### Problem to work on:
Could you output each line below precisely as it stands, without the images?

(Dataset entries)
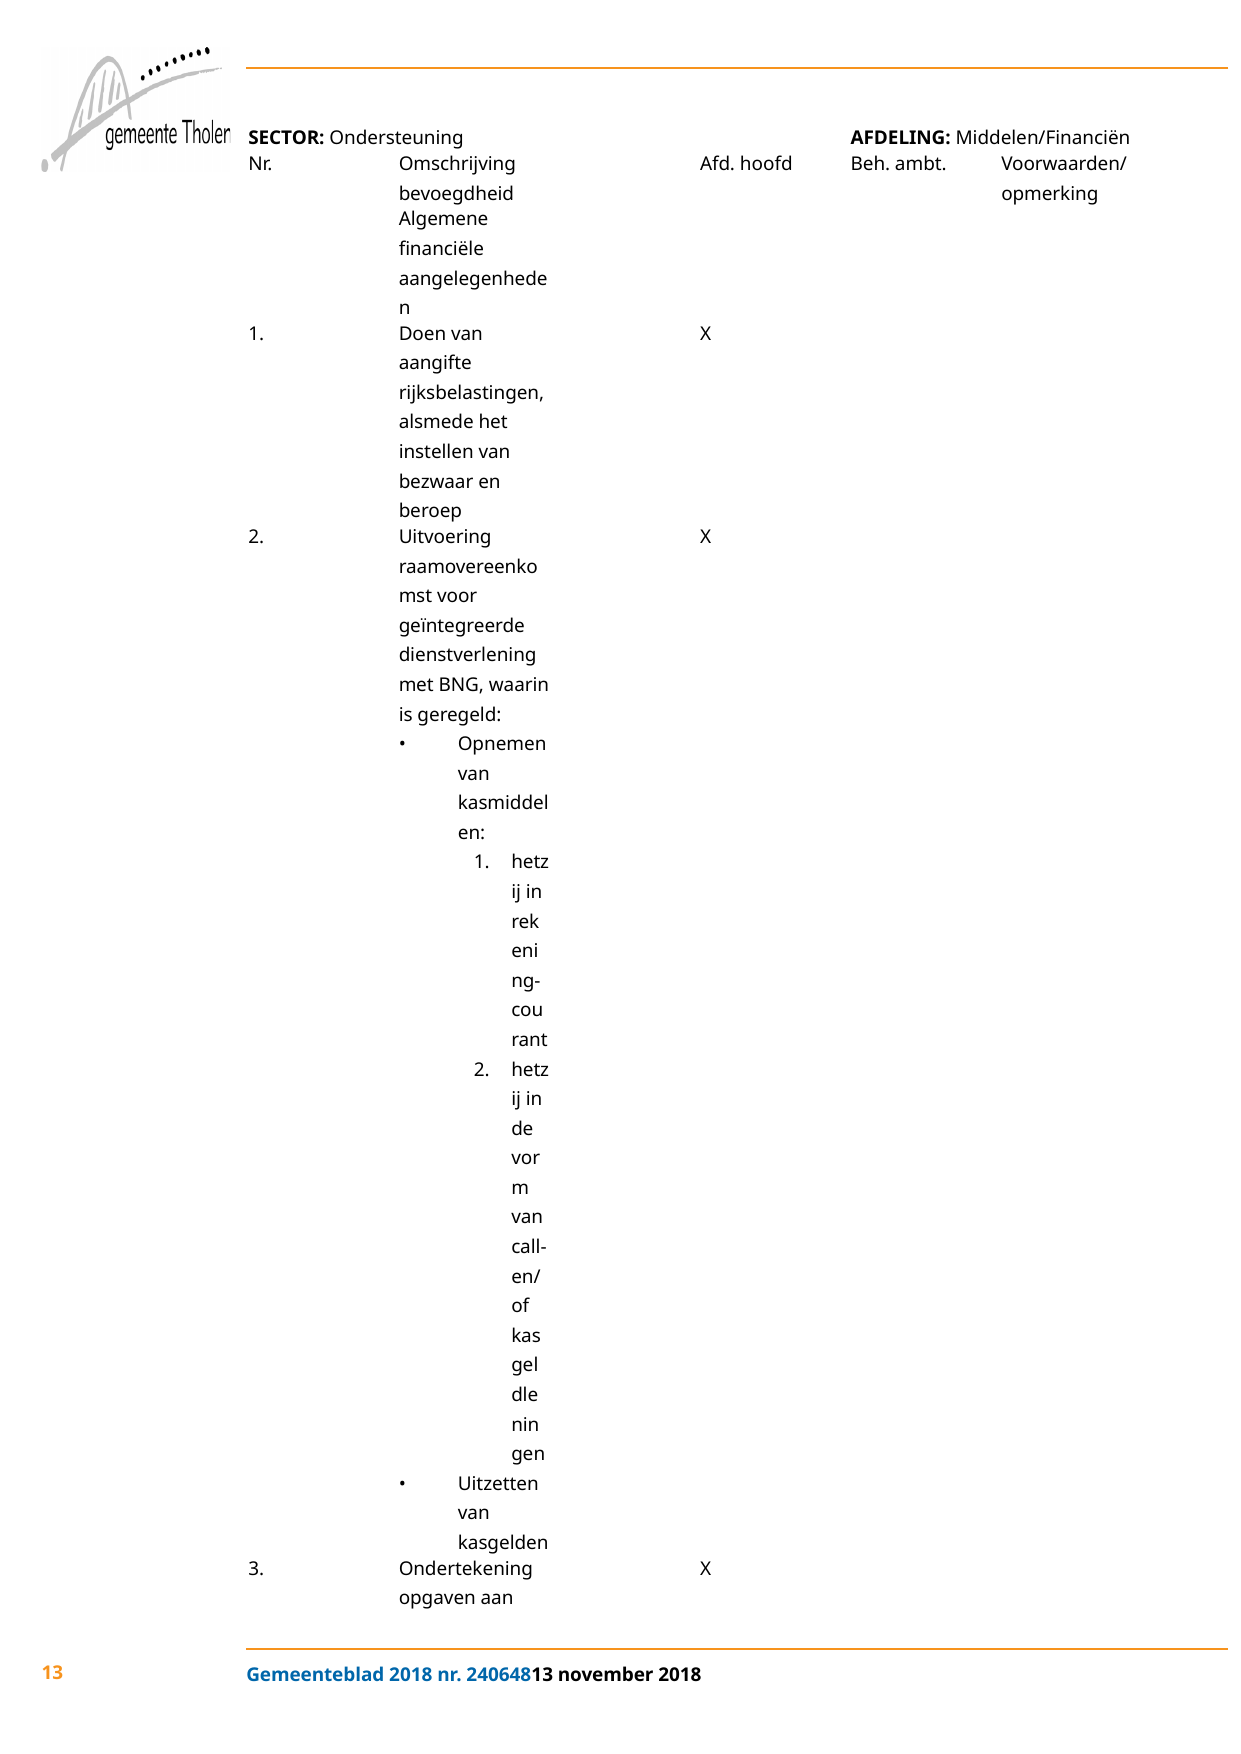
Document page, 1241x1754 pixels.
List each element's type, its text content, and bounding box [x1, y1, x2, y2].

table_cell [850, 1555, 1001, 1610]
table_cell [1001, 523, 1152, 1555]
table_cell [248, 206, 398, 320]
table_cell [248, 523, 398, 1555]
table_cell Afd. hoofd [700, 150, 850, 206]
table_cell [248, 320, 398, 523]
table_cell Uitvoering raamovereenkomst voor geïntegreerde dienstverlening met BNG, waarin is geregeld: Opnemen van kasmiddelen: hetzij in rekening-courant hetzij in de vorm van call- en/of kasgeldleningen Uitzetten van kasgelden [399, 523, 549, 1555]
table_cell Beh. ambt. [850, 150, 1001, 206]
table_cell [1001, 320, 1152, 523]
table_cell X [700, 1555, 850, 1610]
table_cell [1001, 206, 1152, 320]
table_cell X [700, 523, 850, 1555]
table_header AFDELING: Middelen/Financiën [850, 125, 1152, 150]
table_cell Doen van aangifte rijksbelastingen, alsmede het instellen van bezwaar en beroep [399, 320, 549, 523]
table_cell Nr. [248, 150, 398, 206]
table_cell Voorwaarden/opmerking [1001, 150, 1152, 206]
table_cell Omschrijving bevoegdheid [399, 150, 549, 206]
table_cell Algemene financiële aangelegenheden [399, 206, 549, 320]
table_cell X [700, 320, 850, 523]
table_cell [549, 523, 700, 1555]
picture [41, 47, 231, 172]
table_cell [549, 320, 700, 523]
table_cell Ondertekening opgaven aan [399, 1555, 549, 1610]
table_cell [549, 1555, 700, 1610]
table_cell [1001, 1555, 1152, 1610]
table_cell [549, 206, 700, 320]
table_header SECTOR: Ondersteuning [248, 125, 850, 150]
table_cell [850, 206, 1001, 320]
table_cell [850, 320, 1001, 523]
table_cell [248, 1555, 398, 1610]
table_cell [549, 150, 700, 206]
table_cell [850, 523, 1001, 1555]
table_cell [700, 206, 850, 320]
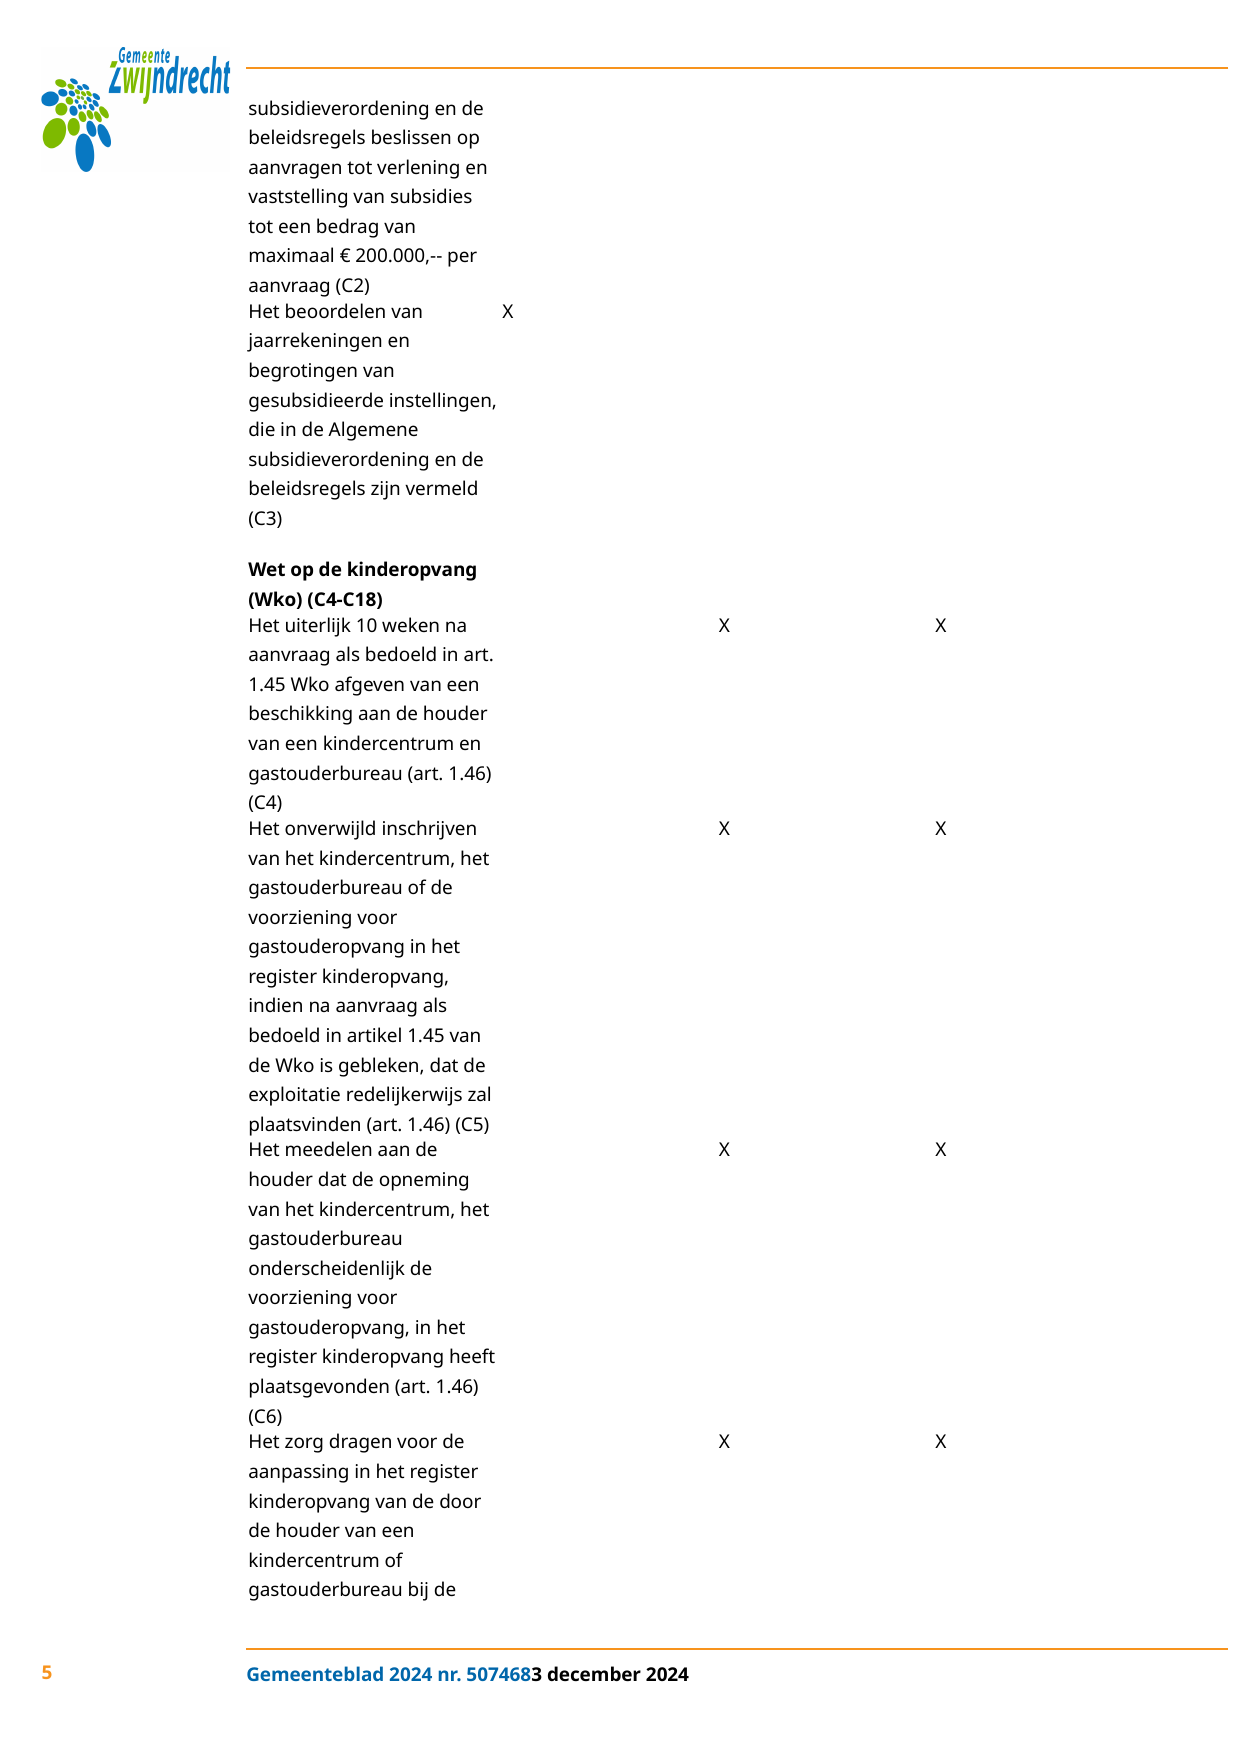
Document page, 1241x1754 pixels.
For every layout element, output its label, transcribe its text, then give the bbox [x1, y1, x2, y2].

### Result below:
Document page, 1241x1754 pixels.
List each element's type, its text content, and bounding box [x1, y1, x2, y2].

table_cell [850, 1555, 1001, 1610]
table_cell [1001, 523, 1152, 1555]
table_cell [248, 206, 398, 320]
table_cell [248, 523, 398, 1555]
table_cell Afd. hoofd [700, 150, 850, 206]
table_cell [248, 320, 398, 523]
table_cell Uitvoering raamovereenkomst voor geïntegreerde dienstverlening met BNG, waarin is geregeld: Opnemen van kasmiddelen: hetzij in rekening-courant hetzij in de vorm van call- en/of kasgeldleningen Uitzetten van kasgelden [399, 523, 549, 1555]
table_cell Beh. ambt. [850, 150, 1001, 206]
table_cell [1001, 320, 1152, 523]
table_cell X [700, 1555, 850, 1610]
table_cell [1001, 206, 1152, 320]
table_cell X [700, 523, 850, 1555]
table_header AFDELING: Middelen/Financiën [850, 125, 1152, 150]
table_cell Doen van aangifte rijksbelastingen, alsmede het instellen van bezwaar en beroep [399, 320, 549, 523]
table_cell Nr. [248, 150, 398, 206]
table_cell Voorwaarden/opmerking [1001, 150, 1152, 206]
table_cell Omschrijving bevoegdheid [399, 150, 549, 206]
table_cell Algemene financiële aangelegenheden [399, 206, 549, 320]
table_cell X [700, 320, 850, 523]
table_cell [549, 523, 700, 1555]
picture [41, 47, 231, 172]
table_cell [549, 320, 700, 523]
table_cell Ondertekening opgaven aan [399, 1555, 549, 1610]
table_cell [549, 1555, 700, 1610]
table_cell [1001, 1555, 1152, 1610]
table_cell [549, 206, 700, 320]
table_header SECTOR: Ondersteuning [248, 125, 850, 150]
table_cell [850, 206, 1001, 320]
table_cell [850, 320, 1001, 523]
table_cell [248, 1555, 398, 1610]
table_cell [549, 150, 700, 206]
table_cell [850, 523, 1001, 1555]
table_cell [700, 206, 850, 320]
Document page, 1241x1754 pixels.
For every layout element, output its label, transcribe its text, then give the bbox [x1, y1, x2, y2].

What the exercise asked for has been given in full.